The “process_metrics_files” TSOPPI tool offers visualization of LocalApp- and sequencer-generated metrics for sets of samples across multiple sequencing/analysis runs. The plots can be useful for identifying sample/run outliers, and for monitoring long-terms trends in the sequencing and primary analysis outputs.
Input files¶
[LocalApp_output_directory]/Results/MetricsOutput.tsv files for n>=1 runs (these are specified with the --metrics_file parameter);
[sequencer_output_directory]/RunCompletionStatus.xml files for n>=1 runs (these are specified with the --run_completion_status_file parameter).
Running the tool¶
Command line options:
usage: process_metrics_files.py [-h] [-v] -m METRICS_FILE -r
RUN_COMPLETION_STATUS_FILE -l RUN_LABEL -o
OUTPUT_DIRECTORY -s
HOST_SYSTEM_MOUNTING_DIRECTORY
[-c CONTAINER_MOUNTING_DIRECTORY]
[-i HIGHLIGHTED_RUN_LABEL]
Process input metrics files and plot the retrieved metrics data with R (all
output will be stored in the specified output directory). X>=1 runs can be
processed together; all run-related parameters need to be supplied exactly X
times. The order of supplied values matters (e.g., the Nth input metrics file
will be tied to the Nth supplied run label).

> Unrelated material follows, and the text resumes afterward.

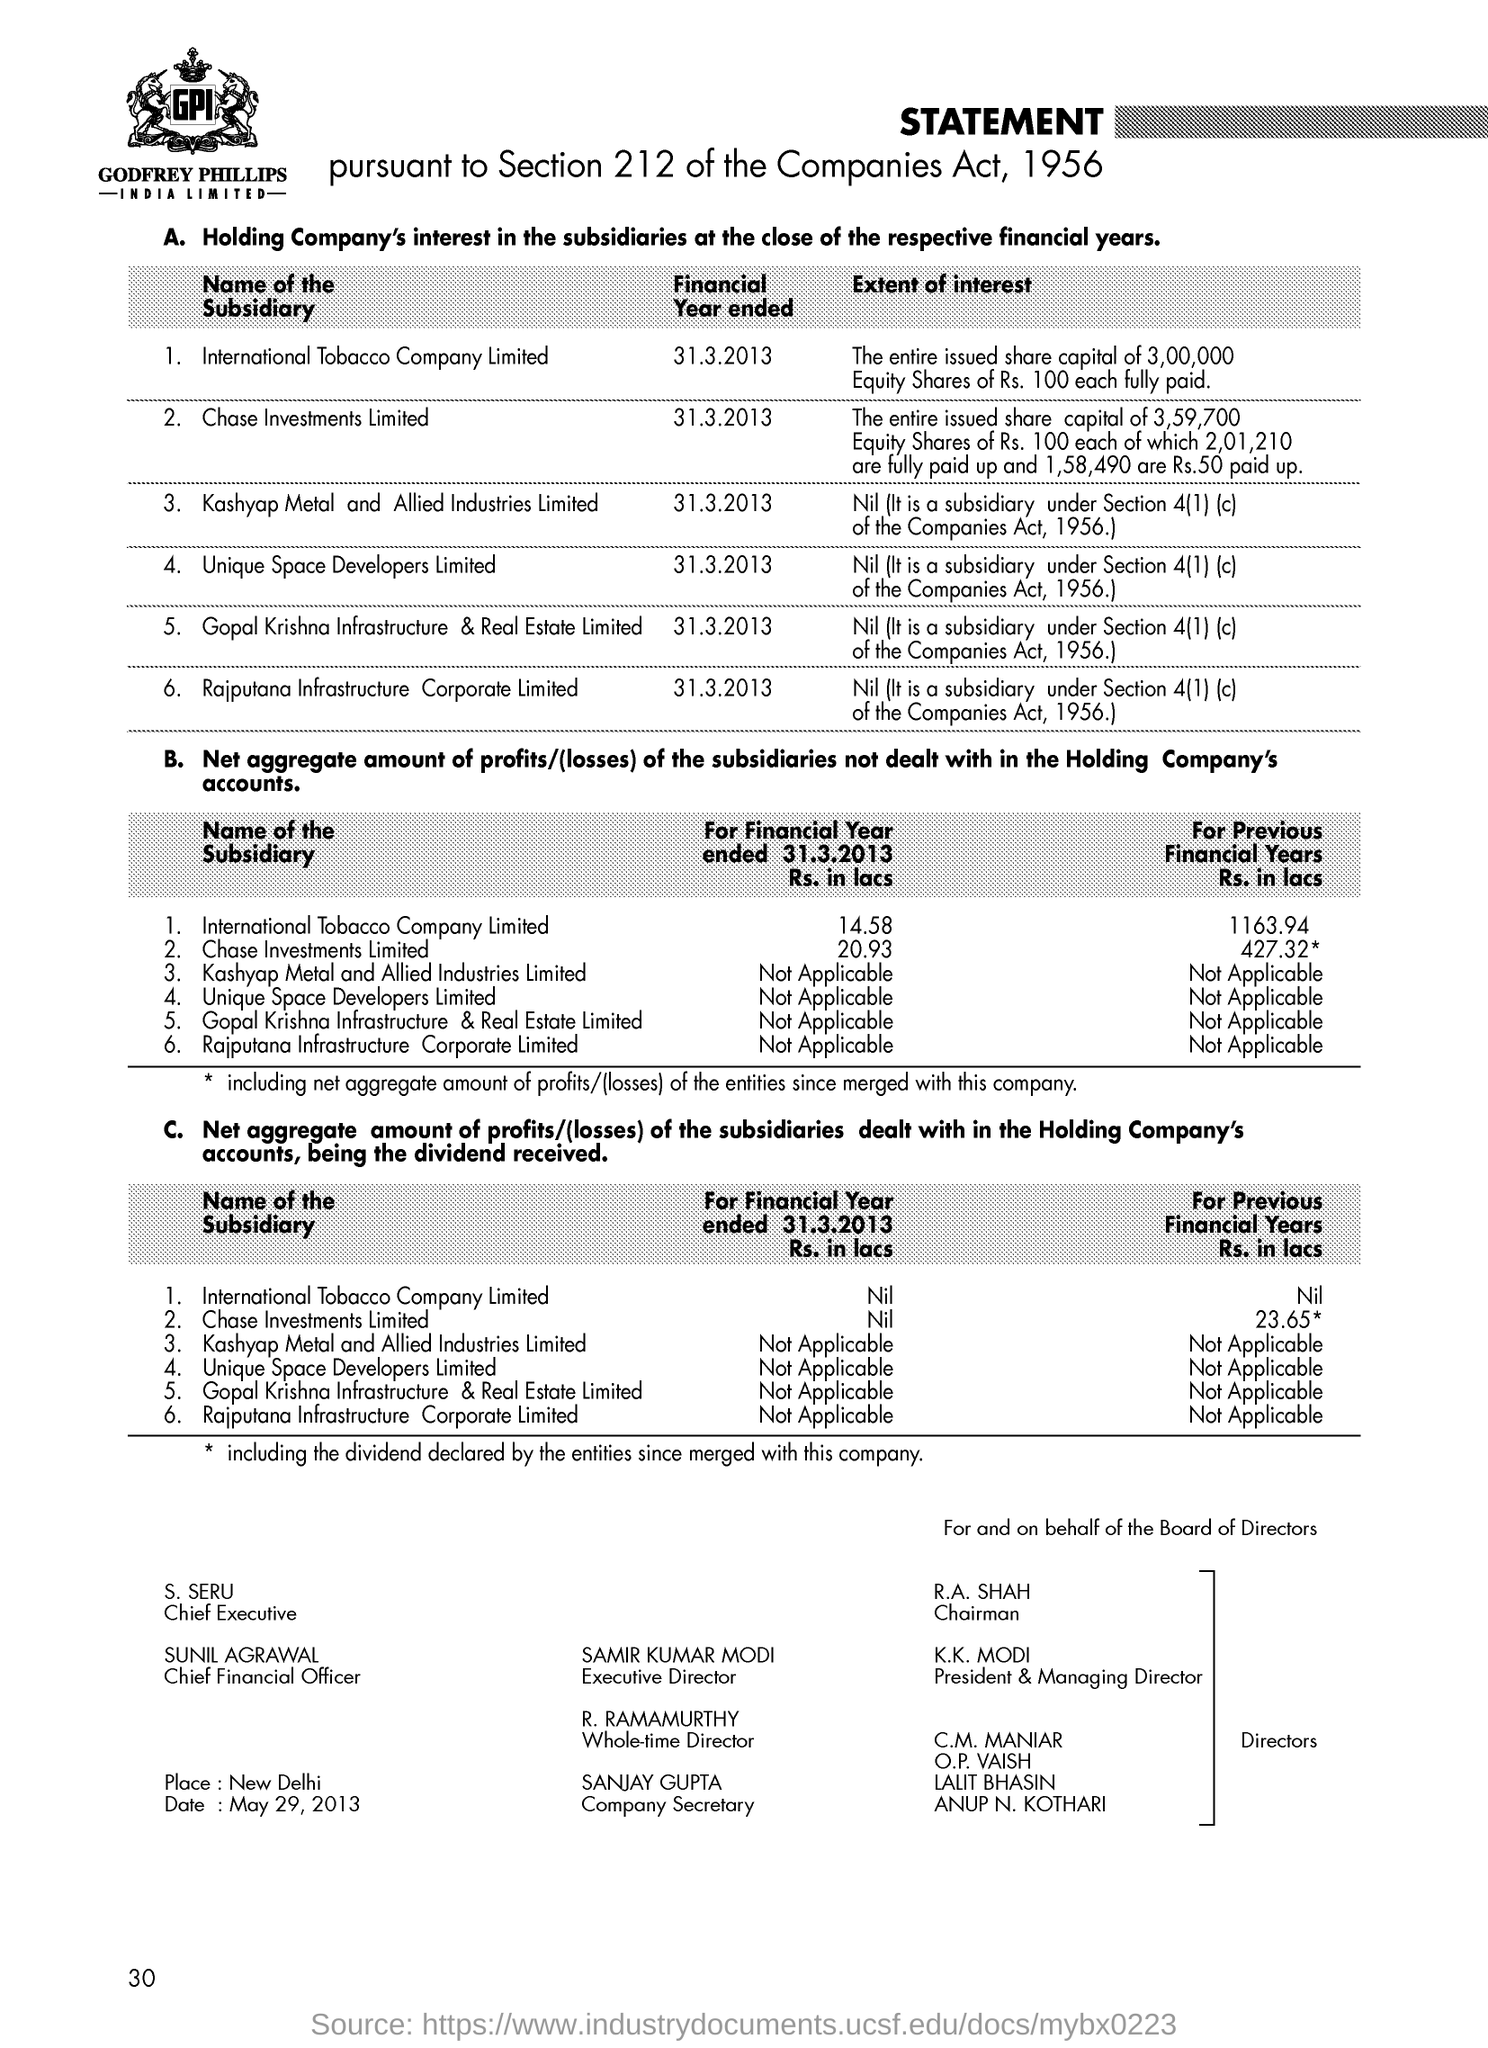Draw attention to some important aspects in this diagram. Godfrey Phillips India Limited is the name of the company. Mr. S. SERU is the Chief Executive of a person or organization.

-m METRICS_FILE, --metrics_file METRICS_FILE
absolute path to the MetricsOutput.tsv file of a given
TSO500 LocalApp analysis run
-r RUN_COMPLETION_STATUS_FILE, --run_completion_status_file RUN_COMPLETION_STATUS_FILE
absolute path to the RunCompletionStatus.xml file of a
given TSO500 sequencing run
-l RUN_LABEL, --run_label RUN_LABEL
a label that should be used for referring to given run
in the output files and plots
-o OUTPUT_DIRECTORY, --output_directory OUTPUT_DIRECTORY
absolute path to the directory in which all output
should be stored
-s HOST_SYSTEM_MOUNTING_DIRECTORY, --host_system_mounting_directory HOST_SYSTEM_MOUNTING_DIRECTORY
absolute path to the host system mounting directory;
the specified directory should include all input and
output file paths in its directory tree
optional arguments:
-h, --help show this help message and exit
-v, --version show program`s version number and exit
-c CONTAINER_MOUNTING_DIRECTORY, --container_mounting_directory CONTAINER_MOUNTING_DIRECTORY
container`s inner mounting point; the host system
mounting directory path/prefix will be replaced by the
container mounting directory path in all input and
output file paths (this parameter likely shouldn`t be
changed)
-i HIGHLIGHTED_RUN_LABEL, --highlighted_run_label HIGHLIGHTED_RUN_LABEL
label of the run which should be highlighted in the
output plots (if not supplied, the last supplied label
will determine the highlighted run)
Example invocation using the Docker image:
$ [sudo] docker run \
--rm \
-it \
-v /hs_prefix_path:/inpred/data \
inpred/tsoppi_main:v0.1 \
python /inpred/user_scripts/process_metrics_files.py \
--metrics_file /hs_prefix_path/analysis/run1/Results/MetricsOutput.tsv \
--metrics_file /hs_prefix_path/analysis/run2/Results/MetricsOutput.tsv \
--metrics_file /hs_prefix_path/analysis/run3/Results/MetricsOutput.tsv \
--run_completion_status_file /hs_prefix_path/sequences/run1/RunCompletionStatus.xml \
--run_completion_status_file /hs_prefix_path/sequences/run2/RunCompletionStatus.xml \
--run_completion_status_file /hs_prefix_path/sequences/run3/RunCompletionStatus.xml \
--run_label run_1 \
--run_label run_2 \
--run_label run_3 \
--output_directory /hs_prefix_path/postprocessing/metrics_plots \
--host_system_mounting_directory /hs_prefix_path
Output files¶
[tool_output_directory]/TSO500_run_metrics.pdf: the main output file, with metric-wise plots;
[tool_output_directory]/intermediate_metrics_files/joint_sequencing_QC_file.tsv: aggregated sequencing-run metrics for all input RunCompletionStatus.xml files;
[tool_output_directory]/intermediate_metrics_files/master_metrics_table.tsv: aggregated analysis-run metrics for all input MetricsOutput.tsv files;
[tool_output_directory]/intermediate_metrics_files/[run_label_N]_metrics.tsv: parsed and transposed analysis-run metrics table for Nth input MetricsOutput.tsv file (the corresponding run_label values is used in the file name).